Er lauschte dem Klopfen seines eigenen Herzens. Dem eingebildeten Rauschen des Bluts, das durch seine Venen und Arterien strömte. Geräuschen, die außer in seinem Kopf nirgendwo zu hören waren. Irgendwann vor Tagesanbruch schlief er ein.
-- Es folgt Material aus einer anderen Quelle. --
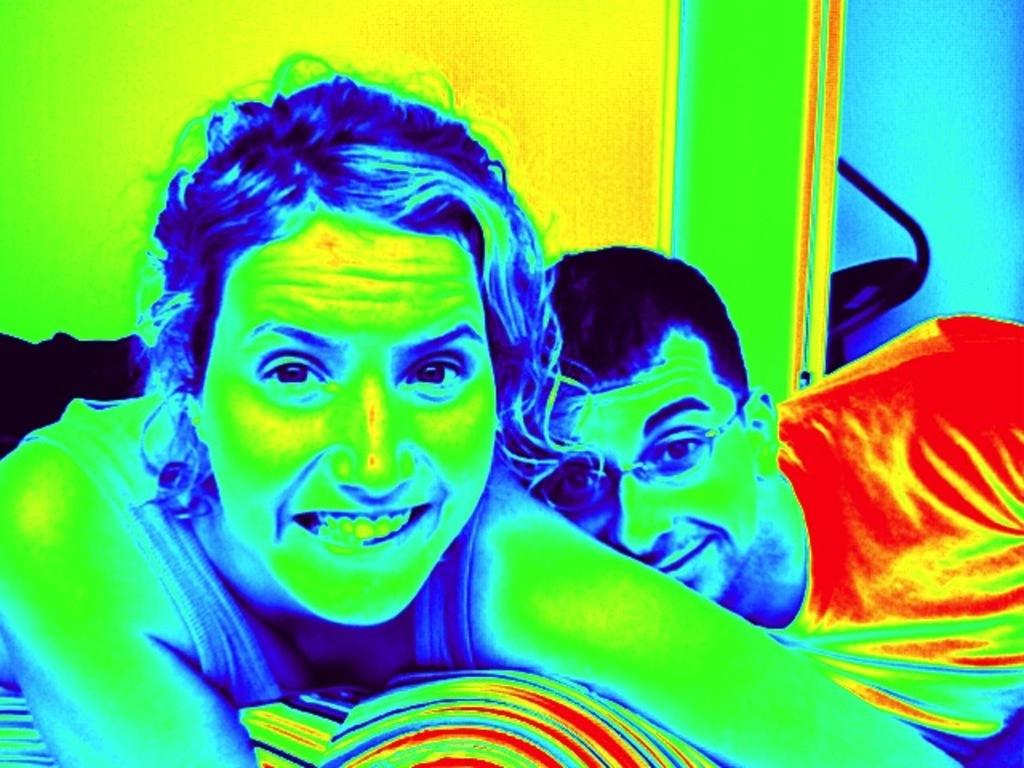How many people are in the image? There are two people in the image. Can you describe the gender of the people in the image? One person is a man, and the other person is a woman. What are the people in the image doing? The two people are posing for the picture. Has the image been altered in any way? Yes, the image has been edited. How many snails can be seen crawling on the woman's face in the image? There are no snails visible in the image, as it features two people posing for a picture. What color are the eyes of the man in the image? The facts provided do not mention the color of the man's eyes, so it cannot be determined from the image.

Und schreckte wieder aus dem Schlaf hoch. Er setzte sich kerzengerade auf. Draußen auf dem Flur wurde auf den Rädern eines Zimmerservice-Wagens jemandem ein frühes Frühstück gebracht. Um die Ränder der Vorhänge machten sich die ersten Strahlen des Morgens bemerkbar, während die Großstadtgeräusche anschwollen und ihrem Höhepunkt entgegenstrebten. Er sprang aus dem Bett und zog sich an. Wenn sich der Killer nicht bei seinen Auftraggebern meldete, würden sie einen weiteren Killer losschicken, und zwar unabhängig davon, ob die Leiche entdeckt und die Polizei verständigt worden war.
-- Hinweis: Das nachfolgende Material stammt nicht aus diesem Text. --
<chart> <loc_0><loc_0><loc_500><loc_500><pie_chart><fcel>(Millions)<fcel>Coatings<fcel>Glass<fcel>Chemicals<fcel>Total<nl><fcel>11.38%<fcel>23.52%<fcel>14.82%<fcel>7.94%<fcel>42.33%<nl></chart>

Nachdem er sich angezogen hatte, denselben Anzug, aber mit frischem Hemd und neuer Krawatte, holte er verschiedenes aus seinem Koffer – Rucksack, graue Hose, knallbuntes Hawaiihemd, Seersucker-Sportsakko, Leinenturnschuhe, faltbarer Panamahut. Seine schwarze Arbeitskleidung war bereits im Rucksack. Er packte auch alles andere hinein, einschließlich seines Diplomatenkoffers.
Schließlich setzte er seine dunkelblonde Perücke auf und rückte sie im Spiegel zurecht. Er war wieder Major Kenneth St. Germain.
Nach einem letzten Rundgang durch das Zimmer streifte er den Rucksack über, nahm den Koffer in die Hand und ging nach draußen. Der Flur war immer noch leer, aber hinter den Zimmertüren liefen Fernseher, und man konnte Menschen herumgehen hören.
Smith fuhr mit dem Lift in den ersten Stock und nahm von dort die Treppe ins Foyer hinunter. An der Tür zum Treppenhaus ließ er den Blick von Osten nach Westen und von Norden nach Süden durch das Foyer wandern.